Kite, acquired by Gilead in 2017, has treated more patients with CAR T-cell therapy than any other company and maintains the largest in-house cell therapy manufacturing network globally, according to the company’s statement. For detailed analysis of Gilead’s acquisition strategy and comprehensive financial metrics, access the full Pro Research Report available on InvestingPro, which offers expert insights on 1,400+ top stocks through intuitive visuals and actionable intelligence.

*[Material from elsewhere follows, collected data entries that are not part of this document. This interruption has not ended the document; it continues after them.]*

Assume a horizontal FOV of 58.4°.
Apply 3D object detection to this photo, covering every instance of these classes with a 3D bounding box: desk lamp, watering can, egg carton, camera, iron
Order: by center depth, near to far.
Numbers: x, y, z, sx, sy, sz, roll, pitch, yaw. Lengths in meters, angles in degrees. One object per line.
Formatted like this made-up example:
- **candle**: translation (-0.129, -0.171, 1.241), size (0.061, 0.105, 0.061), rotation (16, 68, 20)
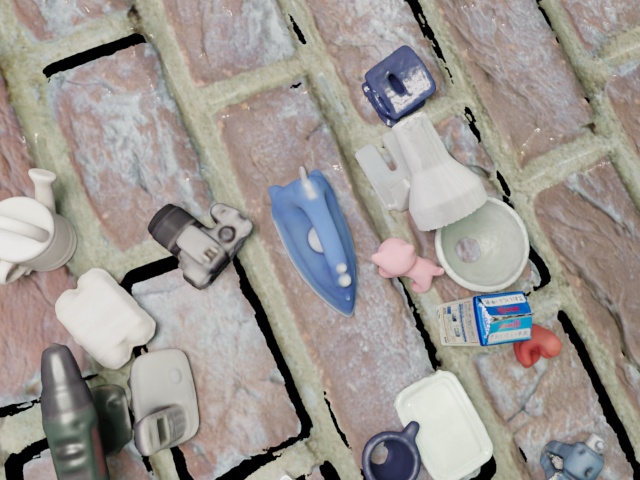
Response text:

In other recent news, Gilead Sciences has reported significant developments. The company announced total sales of $7.1 billion for the second quarter, with earnings per share reaching $1.97. Following these results, Gilead raised its full-year revenue guidance by $500 million, excluding its COVID-19 treatment Veklury. Despite these positive financial updates, CVS Health has decided not to include Gilead’s new HIV prevention drug, Yeztugo, in its commercial plans due to clinical, financial, and regulatory considerations. Analysts have responded positively to Gilead’s performance, with BofA Securities raising its price target to $140, citing the company’s strong second-quarter results. Mizuho also increased its price target to $131, driven by higher sales estimates for Gilead’s treatment for relapsed/refractory multiple myeloma. Cantor Fitzgerald reiterated its Overweight rating, emphasizing the company’s solid earnings and improved guidance. Meanwhile, RBC Capital adjusted its price target to $98, noting strong performance in key HIV and PrEP franchises. These developments reflect a period of active financial and strategic adjustments for Gilead Sciences.